Top critic of Philippine leader arrested on drug charges

A Philippine senator and leading critic of President Rodrigo Duterte's deadly crackdown on illegal drugs mentioned she won't be intimidated by a leader she known as a "serial killer" after police arrested her on drug charges. Leila de Lima said the accusations...

Top critic of Philippine leader arrested on drug charges

A Philippine senator and leading critic of President Rodrigo Duterte's deadly crackdown on illegal drugs mentioned she won't be intimidated by a leader she known as a "serial killer" after police arrested her on drug charges.

Leila de Lima said the accusations against her were part of an attempt by Duterte to muzzle critics of the clampdown that has left much more than 7,000 suspected dealers and compact-time customers dead. She questioned why the court abruptly issued the arrest order when it was scheduled Friday to hear her petition to throw out the charges of getting bribes from detained drug lords.

"If they think they can silence me, if they assume I will no longer fight for my advocacies, specially on the truth on the every day killings and other intimidations of this Duterte regime. It's my honor to be jailed for what I've been fighting for," she mentioned prior to police took her into custody at the Senate.

A police convoy, trailed by media vans, took de Lima to the major police camp, where officers took her mugshot and fingerprints before they locked her up in a detention center. Two former senators she helped prosecute for plunder when she was the justice secretary have been detained in the same center for three years.
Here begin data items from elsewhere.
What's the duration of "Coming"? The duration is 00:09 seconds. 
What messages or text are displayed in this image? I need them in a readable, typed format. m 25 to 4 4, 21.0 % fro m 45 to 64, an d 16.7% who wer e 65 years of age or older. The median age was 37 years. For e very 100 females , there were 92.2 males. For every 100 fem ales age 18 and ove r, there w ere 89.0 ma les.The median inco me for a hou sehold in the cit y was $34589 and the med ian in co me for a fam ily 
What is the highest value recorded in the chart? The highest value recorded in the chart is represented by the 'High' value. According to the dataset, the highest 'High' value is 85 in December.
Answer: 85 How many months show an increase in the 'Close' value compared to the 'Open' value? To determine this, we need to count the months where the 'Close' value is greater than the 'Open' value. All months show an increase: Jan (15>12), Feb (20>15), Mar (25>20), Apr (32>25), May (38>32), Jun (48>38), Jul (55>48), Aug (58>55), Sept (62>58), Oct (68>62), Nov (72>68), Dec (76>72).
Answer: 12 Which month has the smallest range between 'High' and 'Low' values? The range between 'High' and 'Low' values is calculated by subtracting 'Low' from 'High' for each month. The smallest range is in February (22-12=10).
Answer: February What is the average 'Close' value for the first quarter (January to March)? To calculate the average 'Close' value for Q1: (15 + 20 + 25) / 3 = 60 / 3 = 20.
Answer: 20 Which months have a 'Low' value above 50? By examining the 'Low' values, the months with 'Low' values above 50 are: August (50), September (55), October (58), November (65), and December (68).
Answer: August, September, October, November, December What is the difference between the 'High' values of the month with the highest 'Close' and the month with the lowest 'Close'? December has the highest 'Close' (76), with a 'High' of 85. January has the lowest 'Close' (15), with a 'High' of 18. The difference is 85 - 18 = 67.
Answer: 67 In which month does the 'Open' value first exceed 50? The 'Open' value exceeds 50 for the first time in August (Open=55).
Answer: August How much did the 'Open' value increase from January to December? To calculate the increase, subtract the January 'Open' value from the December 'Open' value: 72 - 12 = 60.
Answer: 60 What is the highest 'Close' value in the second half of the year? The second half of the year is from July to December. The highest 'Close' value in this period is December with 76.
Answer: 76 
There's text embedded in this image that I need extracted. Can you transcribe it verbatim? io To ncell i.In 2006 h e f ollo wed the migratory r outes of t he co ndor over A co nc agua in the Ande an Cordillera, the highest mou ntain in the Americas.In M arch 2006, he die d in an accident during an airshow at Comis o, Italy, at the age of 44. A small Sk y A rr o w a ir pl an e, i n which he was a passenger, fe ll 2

Vice President Leni Robredo and other political allies expressed support to de Lima, saying she was being persecuted for criticizing the president. Archbishop Socrates Villegas, the head of bishops in the predominantly Roman Catholic country, stated the senators and other folks charged really should be accorded "their fair day in the court of laws."

Presidential spokesman Ernesto Abella said de Lima will be treated pretty and must not fear for her security exactly where she was detained.

When de Lima headed the government's Commission on Human Rights, she tried unsuccessfully to have Duterte prosecuted when he was mayor of Davao city for unlawful deaths in a crackdown against illegal drugs he had launched there. No witnesses came forward to testify against him.

Duterte expanded the crackdown nationwide following becoming president in June and de Lima continued to criticize him soon after winning a Senate seat final year.

In 1 of her strongest statements against the president this week, de Lima referred to as Duterte a "sociopathic serial killer" who has not been produced to answer for extra than 1,000 deaths even though he was Davao mayor and even much more as president.

She urged Duterte's Cabinet members to declare him unfit.

Justice Secretary Vitaliano Aguirre II warned that such remarks were seditious, but de Lima replied that Aguirre and Duterte are "the rebels and inciters against a constitutional order that values life and due process above everything else."

Prosecutors allege that de Lima, while she was justice secretary received bribes from detained drug lords to finance her senatorial campaign, adding some of them would testify against her. The bribes have been allegedly solicited by her former driver and lover, who was also charged and arrested Thursday.

Duterte has lashed out at de Lima with foul language, calling her a sex-crazed immoral lady whose election opened "the portals of the national government ... to narco-politics."

De Lima has stated the case against her may possibly be the "wakeup call" the country requirements, referring to the absence of a public outcry more than the drug killings.